3. Daher sind Leistungen, die von einer Pensionskasse gewährt werden, beitragsrechtlich stets Bezüge der bAV. Unerheblich für diese Zuordnung ist insoweit, ob es sich bei der leistenden Institution um eine „regulierte“ oder eine „deregulierte“ Pensionskasse handelt. Ebenso wenig ist von Bedeutung, ob dabei Leistungen in Rede stehen, die auf eigenen Beiträgen des Versicherten beruhen.
4. Die obersten Richter äußern sich auch deutlich zu den Unterschieden dieses Falles zum Urteil des BVerfG zur privaten Fortführung von Direktversicherungen: Die Rechtsprechung des BVerfG gilt nicht für Pensionskassen. Das BVerfG hat die vom BSG vorgenommene institutionelle Abgrenzung ausdrücklich als ein verfassungsrechtlich unbedenkliches handhabbares Kriterium gebilligt, das kein Verstoß gegen das Gleichbehandlungsgebot gemäß Art. 3 Abs. 1 GG darstellt.
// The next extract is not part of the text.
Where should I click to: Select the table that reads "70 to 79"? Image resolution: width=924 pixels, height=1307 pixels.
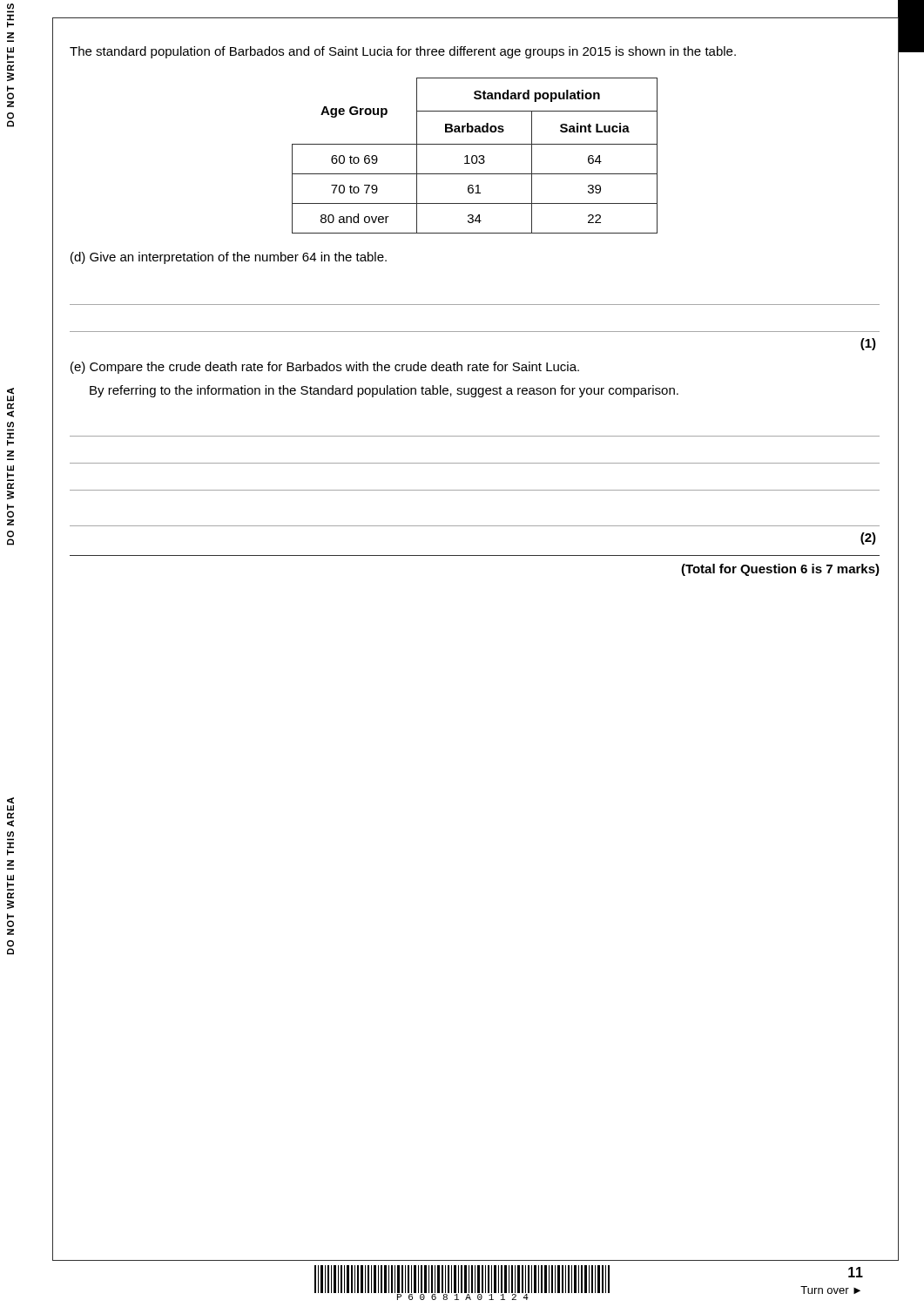(x=475, y=155)

Die Ausnahme für Leistungen aus einer vom Arbeitnehmer als Versicherungsnehmer fortgeführten Direktversicherung ist auf die Leistungen einer Pensionskasse nicht übertragbar. Entscheidend dafür ist, dass der institutionelle Rahmen des Betriebsrentenrechts im „Durchführungsweg Pensionskasse“ nie völlig verlassen wird. Pensionskassen sind – anders als Kapital- bzw. Lebensversicherungsunternehmen – in ihren Aktivitäten von vornherein auf den Zweck Durchführung der bAV beschränkt. Daher sind auch Leistungen aufgrund besonderer Vertragsgestaltungen – wie hier der „freiwilligen Zusatzversicherung“ des Klägers – als Versorgungsbezug beitragspflichtig, solange sie von einer Pensionskasse erbracht werden. Ein Verstoß gegen Art. 3 Abs. 1 GG kommt schließlich umso weniger in Betracht, als die Fortsetzung des Versicherungsverhältnisses bei einer Pensionskasse als spezieller Einrichtung der
bAV auf der autonomen Entscheidung des Klägers beruhte, seine Altersvorsorge in einer bestimmten Art und Weise zu gestalten.
Praxistipp:
Es ist damit zu rechnen, dass die Verfahren bis zum BVerfG hochgetrieben werden.